▸ **How to complete this task**
Every line below containing the word "Answer" should be found and copied.

Source records Block Start

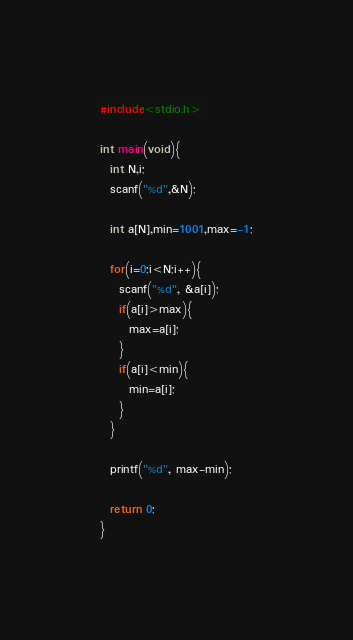Convert code to text. <code><loc_0><loc_0><loc_500><loc_500><_C_>#include<stdio.h>
 
int main(void){
  int N,i;
  scanf("%d",&N);
 
  int a[N],min=1001,max=-1;
 
  for(i=0;i<N;i++){
    scanf("%d", &a[i]);
    if(a[i]>max){
      max=a[i];
    }
    if(a[i]<min){
      min=a[i];
    }
  }
 
  printf("%d", max-min);
 
  return 0;
}</code> 
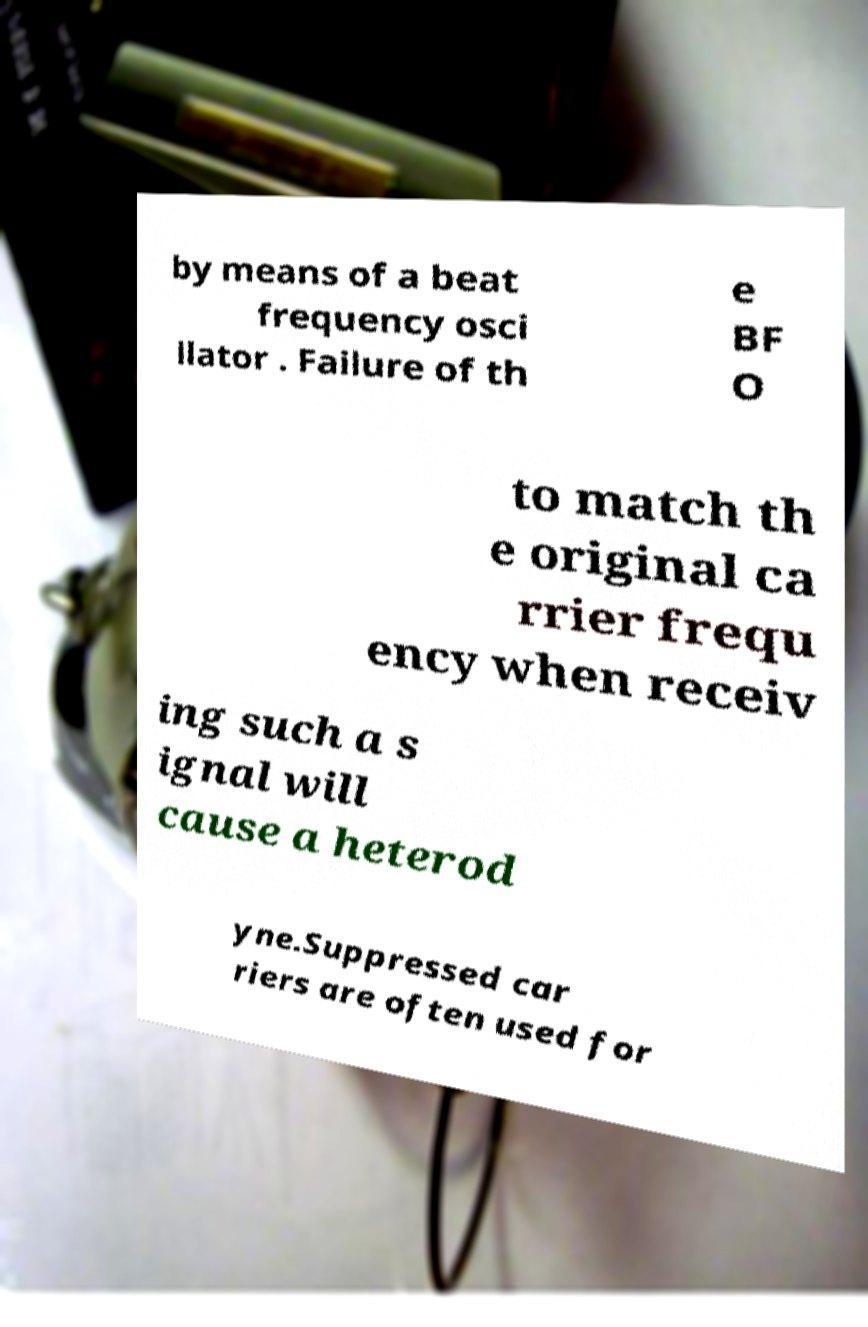There's text embedded in this image that I need extracted. Can you transcribe it verbatim? by means of a beat frequency osci llator . Failure of th e BF O to match th e original ca rrier frequ ency when receiv ing such a s ignal will cause a heterod yne.Suppressed car riers are often used for 
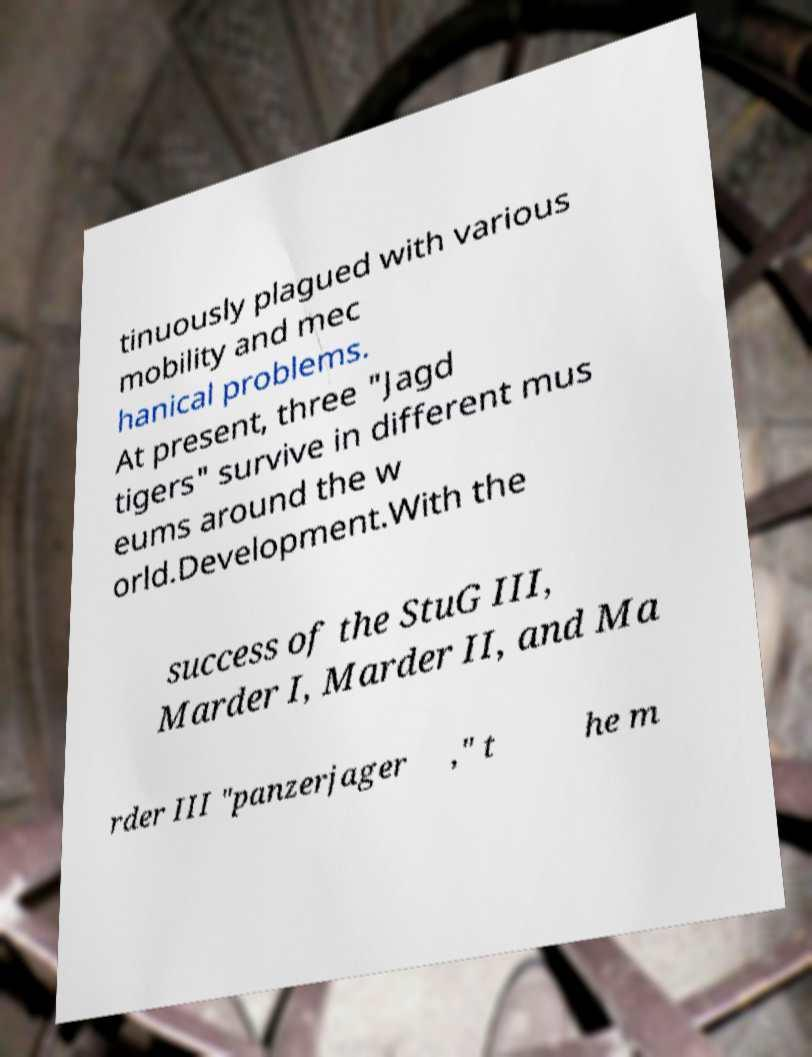For documentation purposes, I need the text within this image transcribed. Could you provide that? tinuously plagued with various mobility and mec hanical problems. At present, three "Jagd tigers" survive in different mus eums around the w orld.Development.With the success of the StuG III, Marder I, Marder II, and Ma rder III "panzerjager ," t he m 
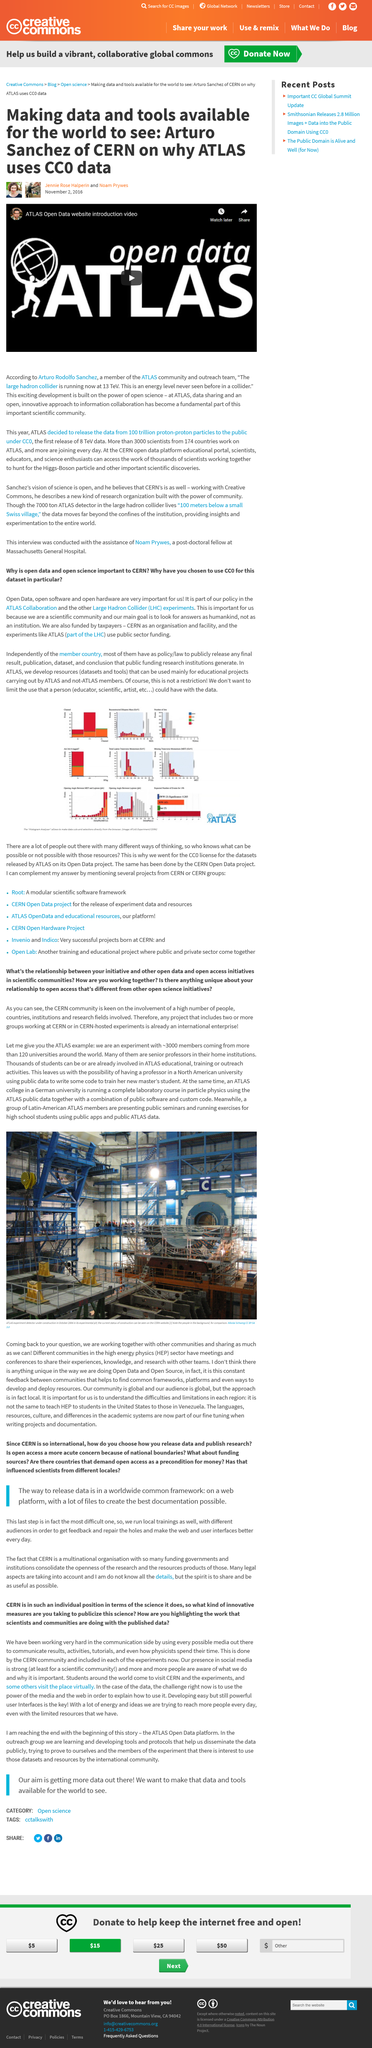List a handful of essential elements in this visual. The Large Hadron Collider at ATLAS operates at an energy level of 13 TeV, as stated by Arturo Sanchez. CERN's presence in social media is undeniably strong, as evidenced by the numerous followers, likes, and shares it has amassed on various online platforms. ATLAS uses CC0 data, which is a type of open data that is freely available for anyone to use, modify, and distribute, without any restrictions on use. Arturo Rodolfo Sanchez is a member of the ATLAS community and outreach team who holds the job title of [insert job title here]. CERN is visited by students from around the world, who come to learn about cutting-edge physics and technology. 
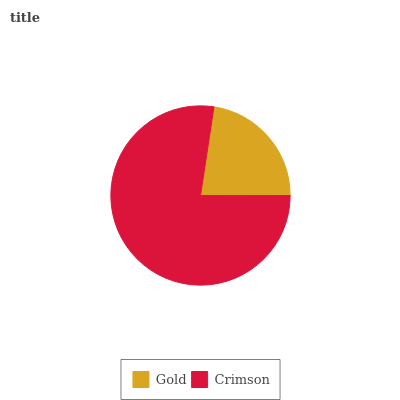Is Gold the minimum?
Answer yes or no. Yes. Is Crimson the maximum?
Answer yes or no. Yes. Is Crimson the minimum?
Answer yes or no. No. Is Crimson greater than Gold?
Answer yes or no. Yes. Is Gold less than Crimson?
Answer yes or no. Yes. Is Gold greater than Crimson?
Answer yes or no. No. Is Crimson less than Gold?
Answer yes or no. No. Is Crimson the high median?
Answer yes or no. Yes. Is Gold the low median?
Answer yes or no. Yes. Is Gold the high median?
Answer yes or no. No. Is Crimson the low median?
Answer yes or no. No. 
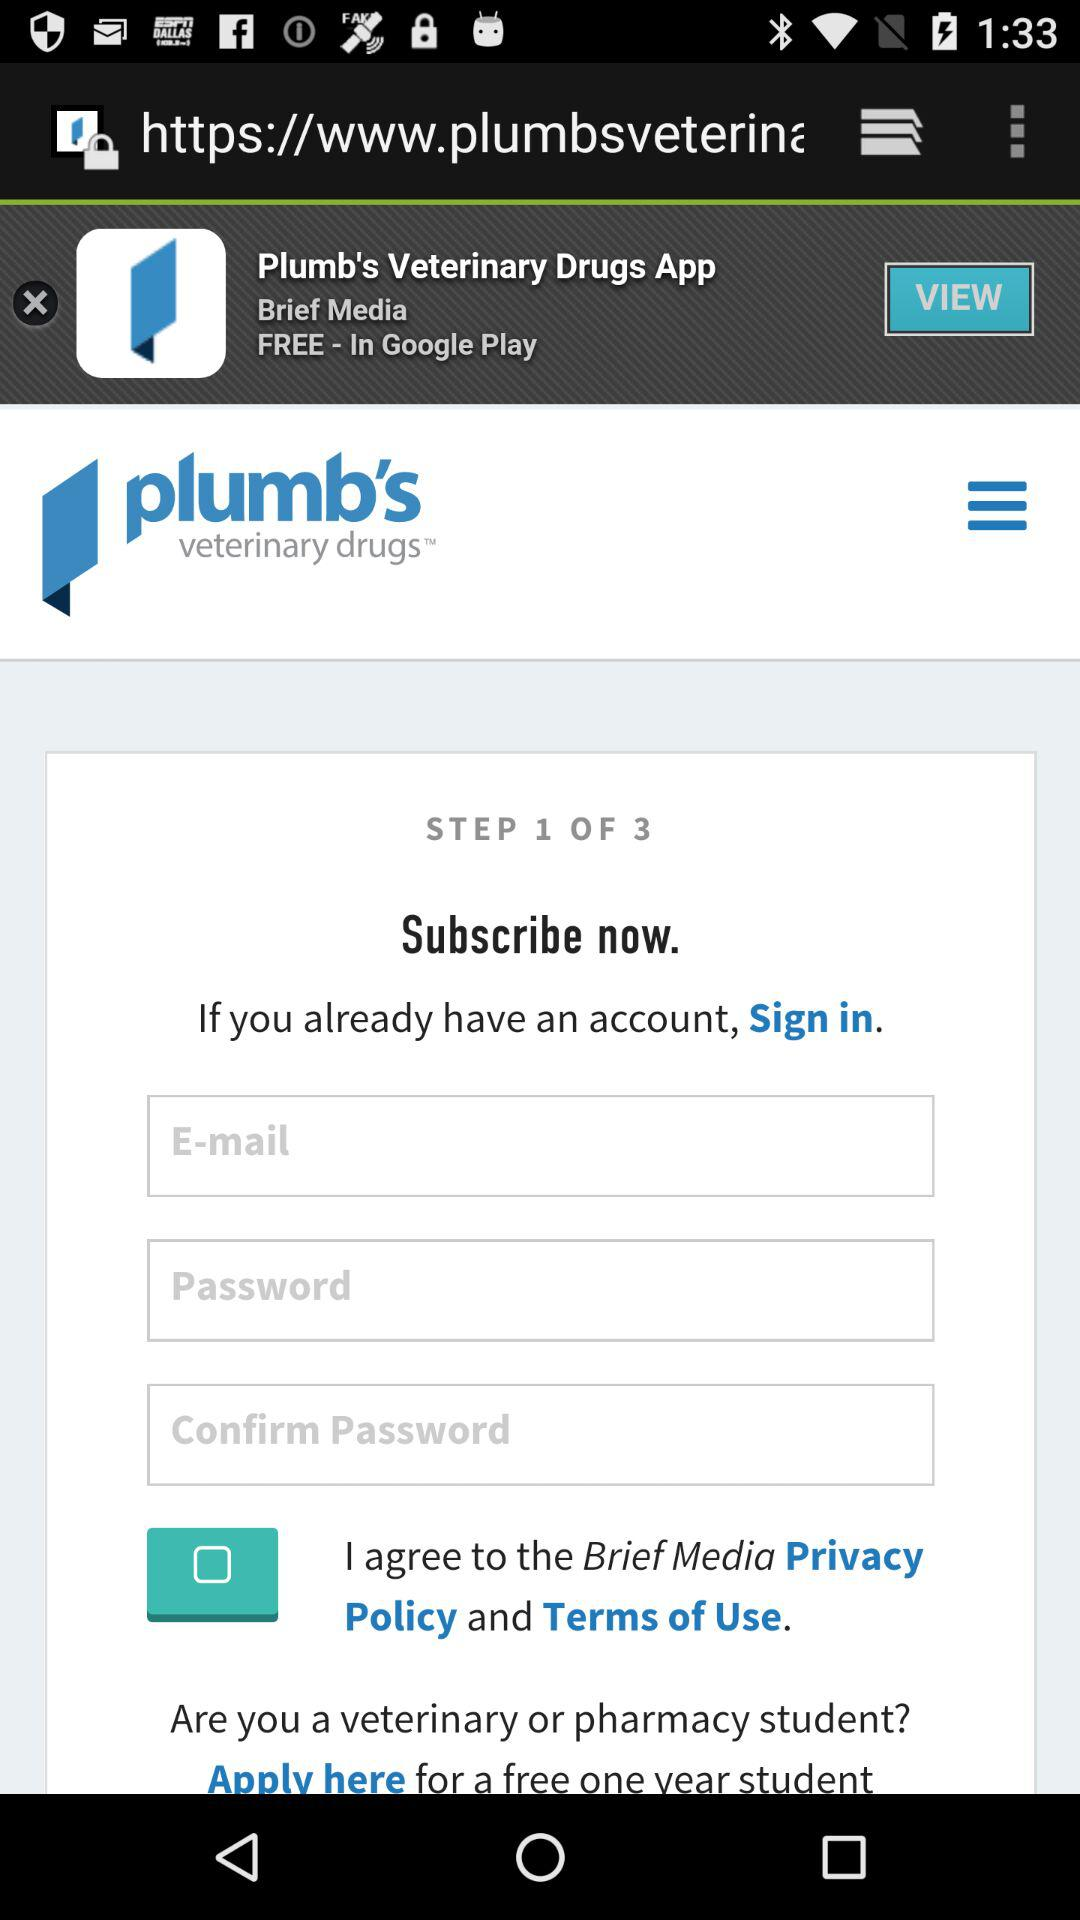At which step am I? You are at step 1. 
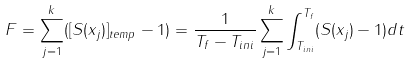<formula> <loc_0><loc_0><loc_500><loc_500>F = \sum _ { j = 1 } ^ { k } ( [ S ( x _ { j } ) ] _ { t e m p } - 1 ) = \frac { 1 } { T _ { f } - T _ { i n i } } \sum _ { j = 1 } ^ { k } \int _ { T _ { i n i } } ^ { T _ { f } } ( S ( x _ { j } ) - 1 ) d t</formula> 
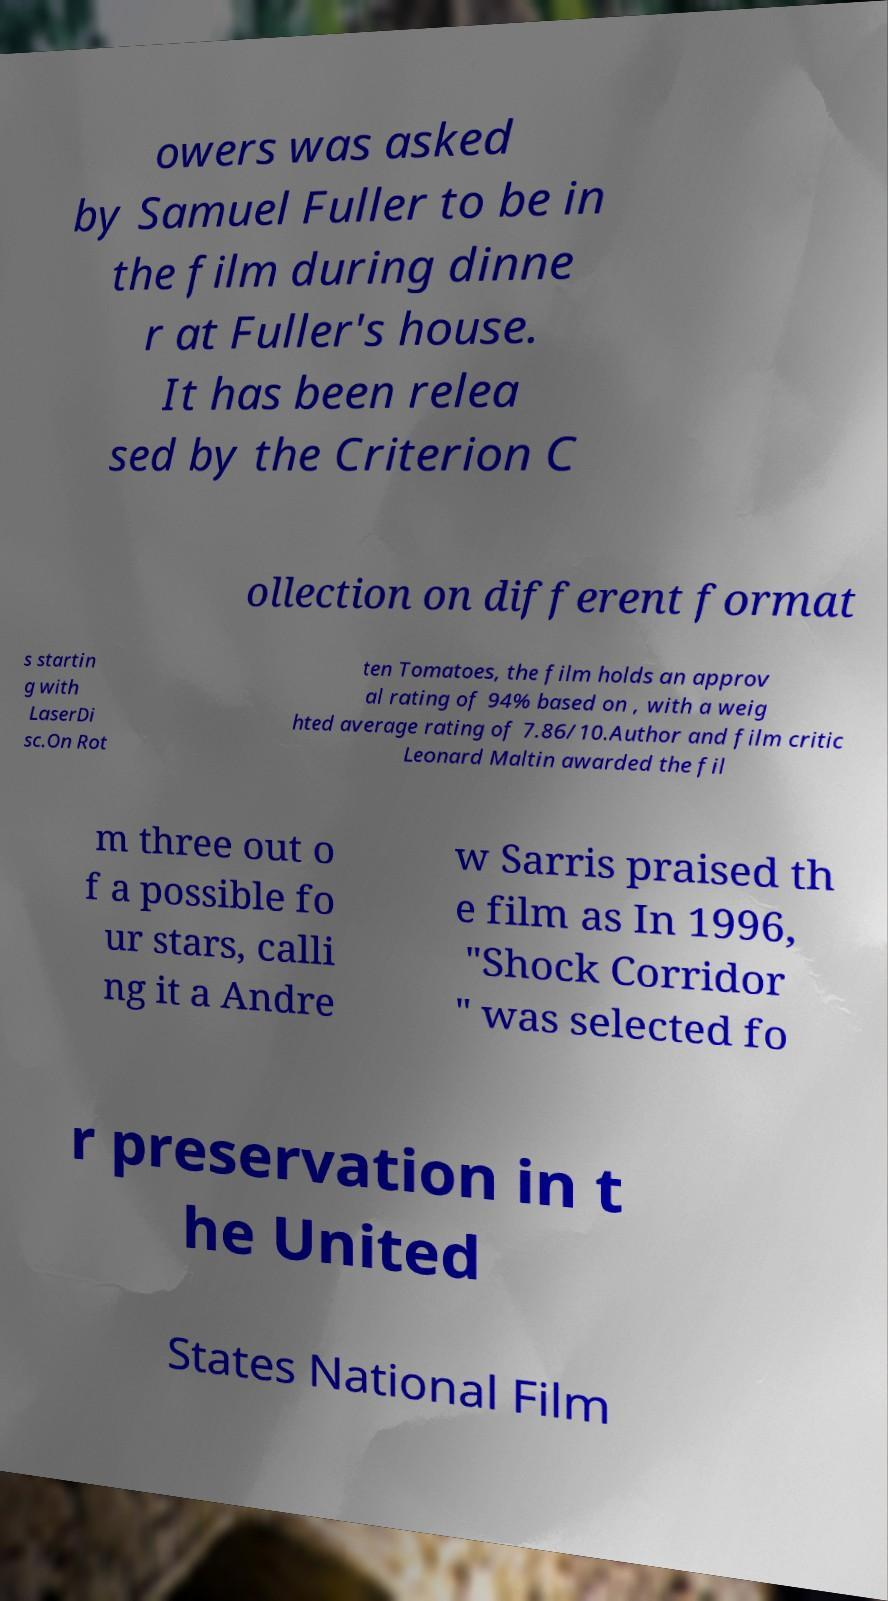What messages or text are displayed in this image? I need them in a readable, typed format. owers was asked by Samuel Fuller to be in the film during dinne r at Fuller's house. It has been relea sed by the Criterion C ollection on different format s startin g with LaserDi sc.On Rot ten Tomatoes, the film holds an approv al rating of 94% based on , with a weig hted average rating of 7.86/10.Author and film critic Leonard Maltin awarded the fil m three out o f a possible fo ur stars, calli ng it a Andre w Sarris praised th e film as In 1996, "Shock Corridor " was selected fo r preservation in t he United States National Film 
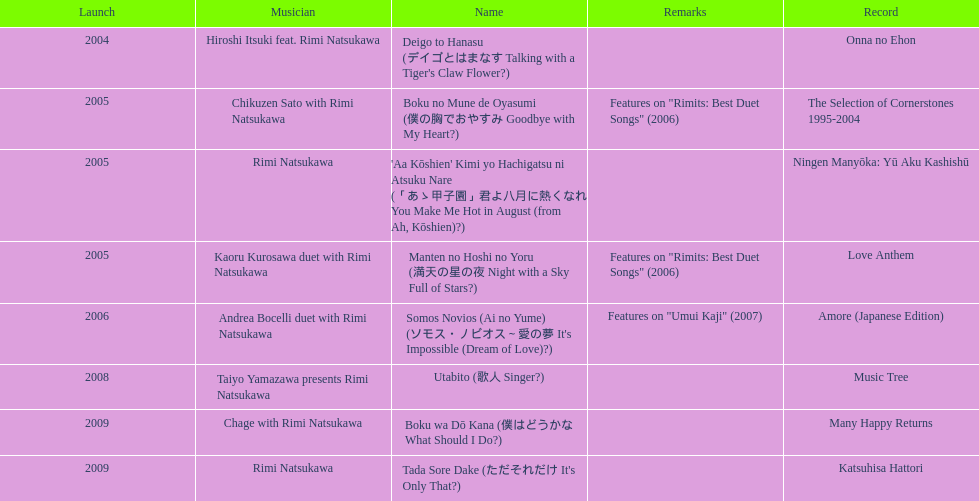Give me the full table as a dictionary. {'header': ['Launch', 'Musician', 'Name', 'Remarks', 'Record'], 'rows': [['2004', 'Hiroshi Itsuki feat. Rimi Natsukawa', "Deigo to Hanasu (デイゴとはまなす Talking with a Tiger's Claw Flower?)", '', 'Onna no Ehon'], ['2005', 'Chikuzen Sato with Rimi Natsukawa', 'Boku no Mune de Oyasumi (僕の胸でおやすみ Goodbye with My Heart?)', 'Features on "Rimits: Best Duet Songs" (2006)', 'The Selection of Cornerstones 1995-2004'], ['2005', 'Rimi Natsukawa', "'Aa Kōshien' Kimi yo Hachigatsu ni Atsuku Nare (「あゝ甲子園」君よ八月に熱くなれ You Make Me Hot in August (from Ah, Kōshien)?)", '', 'Ningen Manyōka: Yū Aku Kashishū'], ['2005', 'Kaoru Kurosawa duet with Rimi Natsukawa', 'Manten no Hoshi no Yoru (満天の星の夜 Night with a Sky Full of Stars?)', 'Features on "Rimits: Best Duet Songs" (2006)', 'Love Anthem'], ['2006', 'Andrea Bocelli duet with Rimi Natsukawa', "Somos Novios (Ai no Yume) (ソモス・ノビオス～愛の夢 It's Impossible (Dream of Love)?)", 'Features on "Umui Kaji" (2007)', 'Amore (Japanese Edition)'], ['2008', 'Taiyo Yamazawa presents Rimi Natsukawa', 'Utabito (歌人 Singer?)', '', 'Music Tree'], ['2009', 'Chage with Rimi Natsukawa', 'Boku wa Dō Kana (僕はどうかな What Should I Do?)', '', 'Many Happy Returns'], ['2009', 'Rimi Natsukawa', "Tada Sore Dake (ただそれだけ It's Only That?)", '', 'Katsuhisa Hattori']]} Which title has the same notes as night with a sky full of stars? Boku no Mune de Oyasumi (僕の胸でおやすみ Goodbye with My Heart?). 
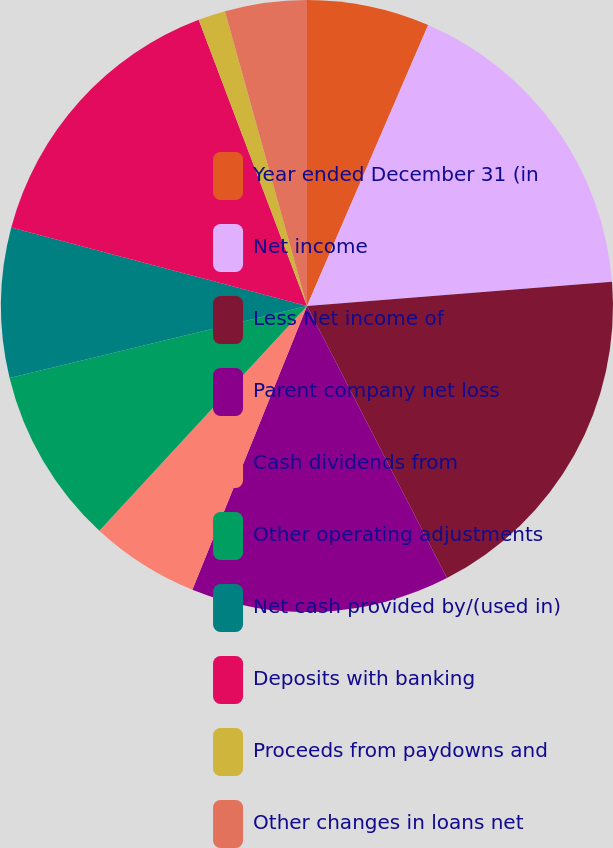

Source records Block End

▸ **Solution below**
Answer yes or no. Yes. Is Crimson the maximum?
Answer yes or no. Yes. Is Crimson the minimum?
Answer yes or no. No. Is Crimson greater than Gold?
Answer yes or no. Yes. Is Gold less than Crimson?
Answer yes or no. Yes. Is Gold greater than Crimson?
Answer yes or no. No. Is Crimson less than Gold?
Answer yes or no. No. Is Crimson the high median?
Answer yes or no. Yes. Is Gold the low median?
Answer yes or no. Yes. Is Gold the high median?
Answer yes or no. No. Is Crimson the low median?
Answer yes or no. No. 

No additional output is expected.